IndieGoGo: Supply and Demand -> Demand and Supply

How IndieGoGo is redefining the interaction between supply and demand to revolutionize the way that ideas are funded

IndieGoGo is a crowdfunding platform that connects entrepreneurs with product ideas to their would-be customers. An entrepreneur with a product idea can start a campaign on IndieGoGo to introduce the product and explain the development and funding needs. The other side of the platform, customers, can review campaigns and “back” the products they are interested in by essentially pre-purchasing the product as a way to fund its development. Essentially, IndieGoGo is leveraging crowds to change how innovation is funded.

What kind of changes does this model produce?

  • Supply and Demand: the IndieGoGo model reverses the traditional dynamics of supply and demand. Typically, a company will consider its own competencies and use a collection of assumptions to supply a product, and true demand (actual willingness to purchase) is only discovered once the product has been launched. IndieGoGo allows demand to dictate what is supplied, and products that do not generate enough demand are not invested in.
  • Supply chain: because the delivery date is in the future, the entrepreneur can plan production of their first batch according to a known demand level (no speculative inventory), allowing them to conserve resources at an early stage when cash flow is particularly critical. The platform is the channel to customers so the entrepreneur keeps a greater share of the revenue to invest in scaling after launch
  • Investment: entrepreneurs do not have to invest upfront and take on demand risk. The funding process reveals initial demand, so the decision of whether or not to invest, as well as level of investment, is driven by proven demand.
  • Marketing: the entrepreneur does not have to invest in extensive pre-revenue marketing and advertising. Once the first batch is delivered, good products will benefit from word-of-mouth advertising before the product is then commercially launched at a greater scale

Incentivizing Participation:

Entrepreneurs are incentivized to seek crowdfunding as they can bring their products to market at a low cost – they don’t have to pay heavily in equity or debt servicing to launch their products. Use of the platform also provides them with many of the benefits listed above. Customers are incentivized by the “perks of backing” (typically being able to pre-purchase the product at a discount from the intended retail price), as well as satisfaction from their preferences being influential in investment decisions that they are personally removed from.

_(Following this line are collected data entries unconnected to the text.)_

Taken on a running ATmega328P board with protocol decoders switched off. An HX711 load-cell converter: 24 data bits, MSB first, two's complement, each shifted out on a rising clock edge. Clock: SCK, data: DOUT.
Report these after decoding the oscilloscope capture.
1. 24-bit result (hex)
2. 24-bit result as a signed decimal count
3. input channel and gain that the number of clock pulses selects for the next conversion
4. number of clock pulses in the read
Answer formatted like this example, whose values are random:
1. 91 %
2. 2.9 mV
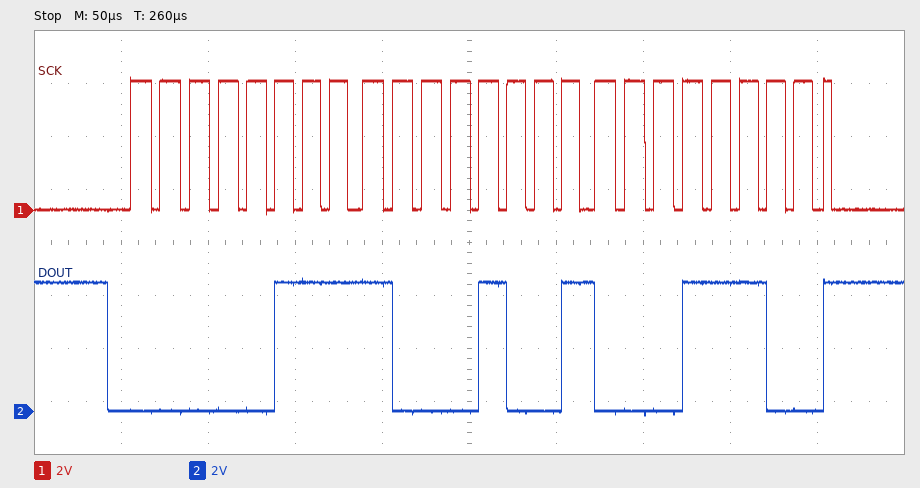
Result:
1. 0x07891C
2. 493852
3. channel A, gain 128
4. 25
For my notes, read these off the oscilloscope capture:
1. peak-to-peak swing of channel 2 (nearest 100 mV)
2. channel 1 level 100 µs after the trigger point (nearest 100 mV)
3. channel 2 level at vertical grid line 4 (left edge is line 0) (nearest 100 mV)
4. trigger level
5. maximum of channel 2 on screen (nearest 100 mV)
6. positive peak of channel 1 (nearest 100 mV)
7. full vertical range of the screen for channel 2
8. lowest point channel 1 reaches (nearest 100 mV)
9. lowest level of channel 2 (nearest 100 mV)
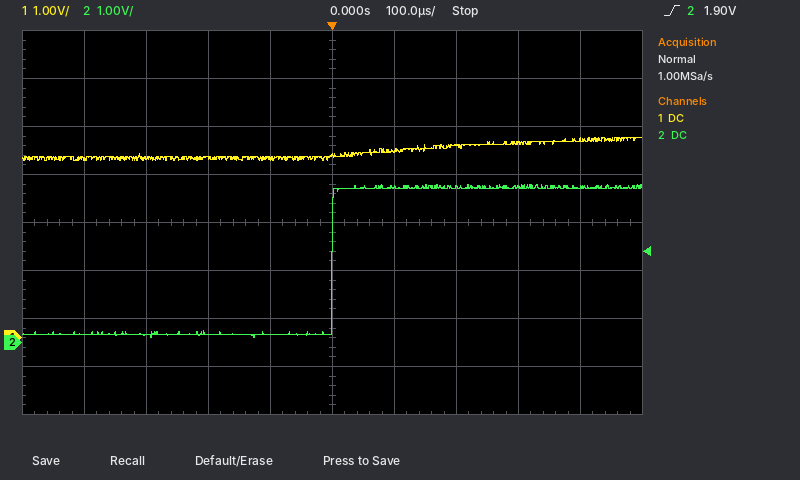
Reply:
3.2 V
3.9 V
200 mV
1.90 V
3.3 V
4.2 V
8 V
3.7 V
100 mV
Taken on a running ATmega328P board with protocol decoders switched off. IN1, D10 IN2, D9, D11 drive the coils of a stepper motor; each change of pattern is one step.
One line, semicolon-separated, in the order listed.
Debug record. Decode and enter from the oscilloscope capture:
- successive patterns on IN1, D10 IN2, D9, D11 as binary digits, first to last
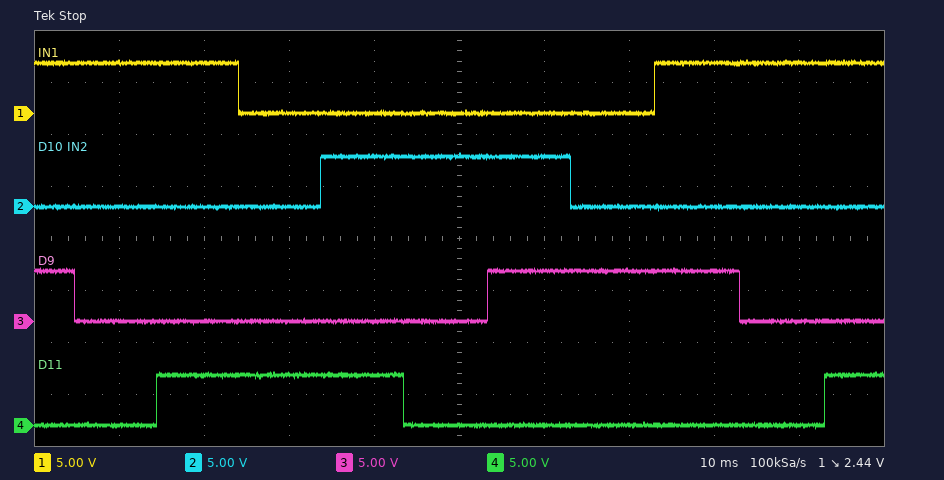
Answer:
1010 1000 1001 0001 0101 0100 0110 0010 1010 1000 1001
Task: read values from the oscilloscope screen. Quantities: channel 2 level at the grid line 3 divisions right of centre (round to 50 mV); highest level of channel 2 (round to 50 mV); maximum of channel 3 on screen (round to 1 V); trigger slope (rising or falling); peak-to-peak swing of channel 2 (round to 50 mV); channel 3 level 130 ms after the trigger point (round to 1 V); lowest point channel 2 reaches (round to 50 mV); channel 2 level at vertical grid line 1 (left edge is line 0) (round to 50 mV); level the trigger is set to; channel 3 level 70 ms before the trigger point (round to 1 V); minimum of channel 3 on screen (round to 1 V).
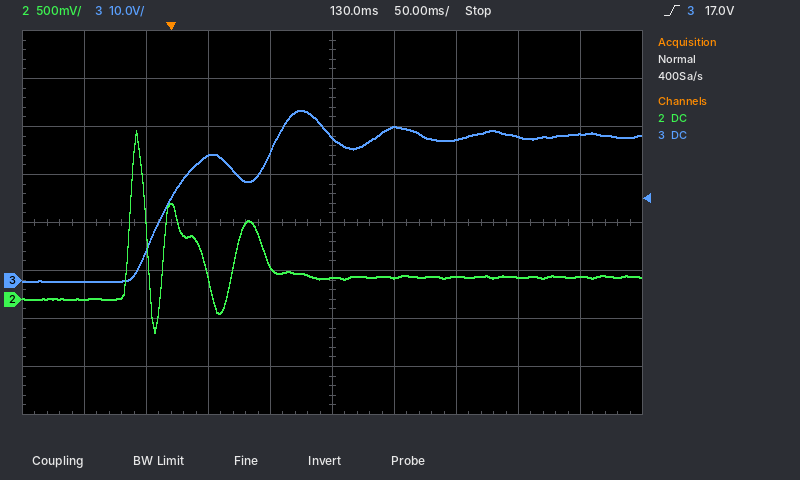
250 mV
1.75 V
35 V
rising
2.10 V
30 V
-350 mV
0 mV
17.0 V
0 V
0 V
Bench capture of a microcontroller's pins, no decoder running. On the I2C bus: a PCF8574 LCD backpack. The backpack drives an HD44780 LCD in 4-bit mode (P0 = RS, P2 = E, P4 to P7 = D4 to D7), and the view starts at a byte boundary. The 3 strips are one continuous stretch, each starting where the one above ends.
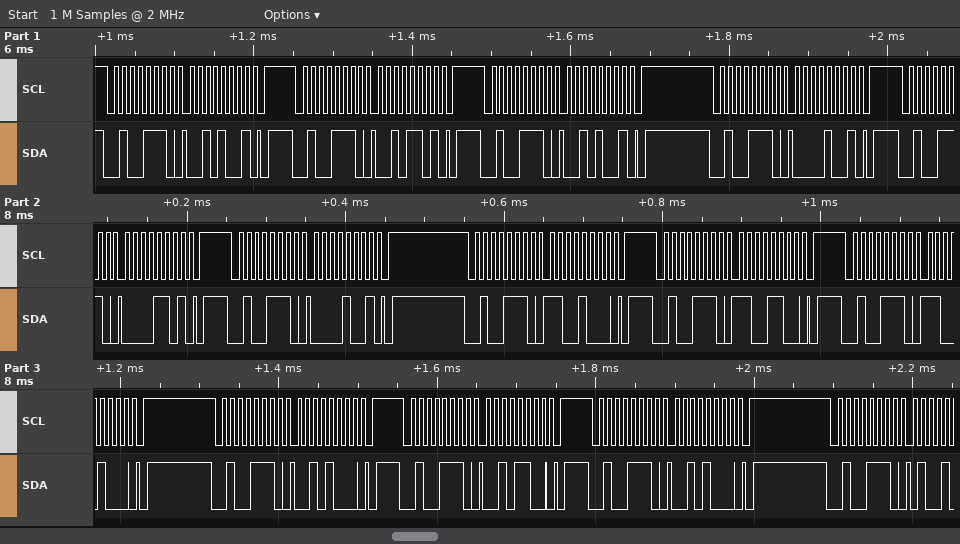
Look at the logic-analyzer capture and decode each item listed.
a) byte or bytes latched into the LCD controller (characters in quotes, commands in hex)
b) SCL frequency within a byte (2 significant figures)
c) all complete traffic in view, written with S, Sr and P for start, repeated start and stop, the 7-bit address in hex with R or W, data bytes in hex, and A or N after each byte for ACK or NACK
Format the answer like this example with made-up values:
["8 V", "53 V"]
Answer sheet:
["' ' 0xC2", "100 kHz", "S 27W A 29 A P S 27W A 2D A P S 27W A 29 A P S 27W A 09 A P S 27W A 0D A P S 27W A 09 A P S 27W A C8 A P S 27W A CC A P S 27W A C8 A P S 27W A 28 A P S 27W A 2C A P S 27W A 28 A P S 27W A"]
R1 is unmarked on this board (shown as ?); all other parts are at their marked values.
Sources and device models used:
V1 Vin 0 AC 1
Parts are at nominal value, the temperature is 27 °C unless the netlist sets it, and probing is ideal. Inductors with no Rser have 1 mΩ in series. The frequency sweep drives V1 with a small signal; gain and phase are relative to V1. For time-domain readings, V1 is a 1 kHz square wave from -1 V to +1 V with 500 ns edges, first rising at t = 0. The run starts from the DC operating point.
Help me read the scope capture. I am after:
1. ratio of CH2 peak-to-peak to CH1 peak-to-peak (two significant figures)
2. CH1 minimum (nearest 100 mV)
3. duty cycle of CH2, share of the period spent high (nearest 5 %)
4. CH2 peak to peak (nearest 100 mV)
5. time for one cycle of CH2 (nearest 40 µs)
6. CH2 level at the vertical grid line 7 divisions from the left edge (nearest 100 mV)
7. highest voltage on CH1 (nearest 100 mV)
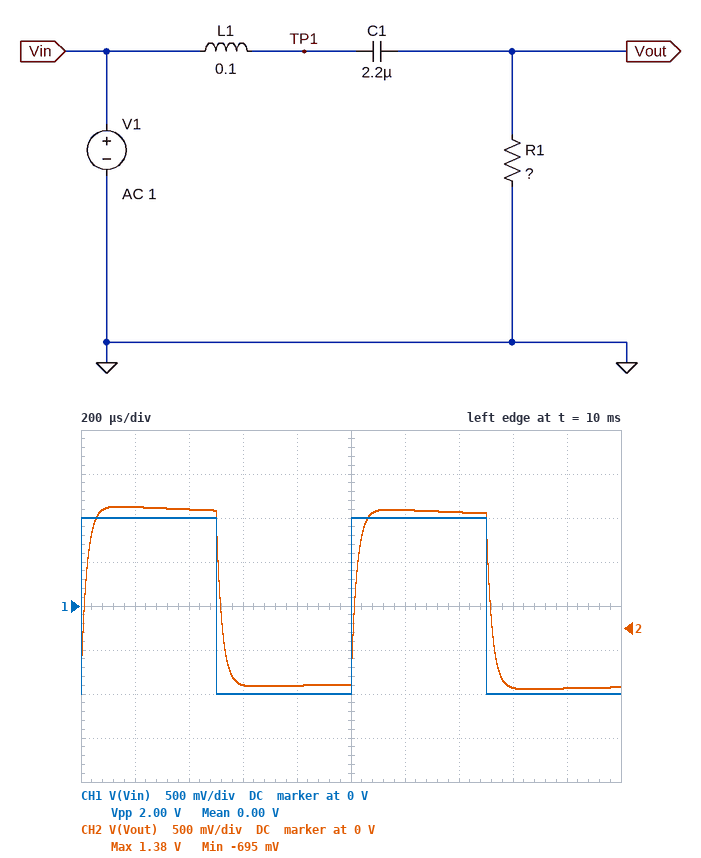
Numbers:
1.0
-1.0 V
50 %
2.1 V
1.00 ms
1.3 V
1.0 V
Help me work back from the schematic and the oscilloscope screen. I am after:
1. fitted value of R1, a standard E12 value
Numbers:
4.7 kΩ
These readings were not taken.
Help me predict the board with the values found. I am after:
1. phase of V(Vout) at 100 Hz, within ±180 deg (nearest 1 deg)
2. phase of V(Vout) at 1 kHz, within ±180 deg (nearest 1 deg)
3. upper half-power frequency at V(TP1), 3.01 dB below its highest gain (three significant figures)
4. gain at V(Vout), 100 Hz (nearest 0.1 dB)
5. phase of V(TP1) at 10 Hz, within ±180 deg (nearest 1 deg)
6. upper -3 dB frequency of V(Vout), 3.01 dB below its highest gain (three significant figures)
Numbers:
8 deg
-7 deg
7.47 kHz
-0.1 dB
0 deg
7.50 kHz
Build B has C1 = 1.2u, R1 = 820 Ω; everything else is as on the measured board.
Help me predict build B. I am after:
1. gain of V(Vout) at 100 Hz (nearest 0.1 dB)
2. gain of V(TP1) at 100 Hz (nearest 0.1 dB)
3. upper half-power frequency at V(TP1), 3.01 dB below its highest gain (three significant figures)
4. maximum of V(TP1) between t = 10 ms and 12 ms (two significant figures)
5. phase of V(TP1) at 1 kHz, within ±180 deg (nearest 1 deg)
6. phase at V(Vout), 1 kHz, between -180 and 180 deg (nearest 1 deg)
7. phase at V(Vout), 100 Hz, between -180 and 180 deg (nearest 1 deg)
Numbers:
-5.3 dB
0.3 dB
1.28 kHz
1.1 V
-40 deg
-31 deg
57 deg
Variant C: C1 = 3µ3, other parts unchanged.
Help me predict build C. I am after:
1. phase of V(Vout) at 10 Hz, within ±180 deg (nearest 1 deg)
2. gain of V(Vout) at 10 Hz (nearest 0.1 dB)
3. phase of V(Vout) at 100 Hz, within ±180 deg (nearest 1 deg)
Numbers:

The platform is reliant on cross-side network effects between product entrepreneurs and supporting customers to drive value. IndieGoGo does not assume any liability for product quality, but negative experiences with the actual products are likely to drive customers off of the platform, creating substantial reputation risk.

The traditional investment model usually involves seasoned professionals reviewing business plans, so the plan has to be defensible before it is funded. With IndieGoGo, the entrepreneur’s funding needs are not verified, so there is a greater risk of funding shortfalls and failure to deliver.

Value Creation and Capture:

The changes that IndieGoGo creates (as listed above) both create value and mitigate value destruction (e.g. by preventing investment in unpopular ideas) for platform participants. The platform also creates value by using scale to offer support to entrepreneurs at a lower cost. Support mechanisms include: analytics, marketing and promotion, and fulfillment support.

IndieGoGo monetizes through a 5% commission on total funds for each campaign. Given that IndieGoGo has an asset-light and low-risk model, there may be pressure in the future to lower the commission rate.

Growth Potential:

Scalability of the platform is feasible, because of the asset-light model that IndieGoGo uses. However, as the number of campaigns grows, it will require improvements such as:

  • improved search capabilities (currently limited)
  • greater categorization of campaigns
  • lowering costs to bring more customers on to the platform
  • more mechanisms to create visibility for individual campaigns
  • more robust support mechanisms (



TripAdvisor’s FlyScore: Not yet harnessing the power of crowds


Lego Ideas: Leveraging crowds to design your product for you

Student comments on IndieGoGo: Supply and Demand -> Demand and Supply

  1. Do you think IndieGoGo has real runway to grow, and serve an increasing diversity of companies through a wider range of stages? Dealing with bad actors on the entrepreneur side is clearly an issue, but it seems like there are a lot of aspects of the angel investing relationship that IndieGoGo is not well equipped to replace – I’d be curious to know how bright you think their outlook is.

  2. I don’t think that the model would translate well to later-stage or non-product-based companies as the pre-purchase model would not be applicable, and therefore the incentive for crowdfunders dissipates; but given the democratization of innovation in today’s world, I think that we can expect a greater emergence of seed-stage product companies that can better satisfy the increasingly diverse preferences of customers than conglomerates with cumbersome cost structures and legacy assets would – and therefore IndieGoGo still could have a long runway of growth purely from greater participation on both sides of the existing platform.

  3. Noorin – very interesting post. I definitely see how they are solving the complicated chicken and egg conundrum. I can also see how they are achieving a level of crowd information just by the fact that the proposed products who don’t get enough support likely don’t get made. My question is whether or not, for the products who do get supported by the crowd, the producer uses feedback or opinions from the financial backers to improve the product?

    1. My understanding is that after product delivery they are free to contact the backers/buyers for feedback and incorporate their insights in to the next development cycle, but they don’t have to either

  4. Very interesting post! Indiegogo has done a lot over the past few years to transition from serving primarily as a crowdfunding company to supporting entrepreneurs throughout the process of bringing their ideas to market. Currently it seems like Indiegogo staffs internally to support entrepreneurs in marketing, product development, etc – I wonder if there is an opporutnity for them to engage crowds beyond simply fundraising in their GTM support functions.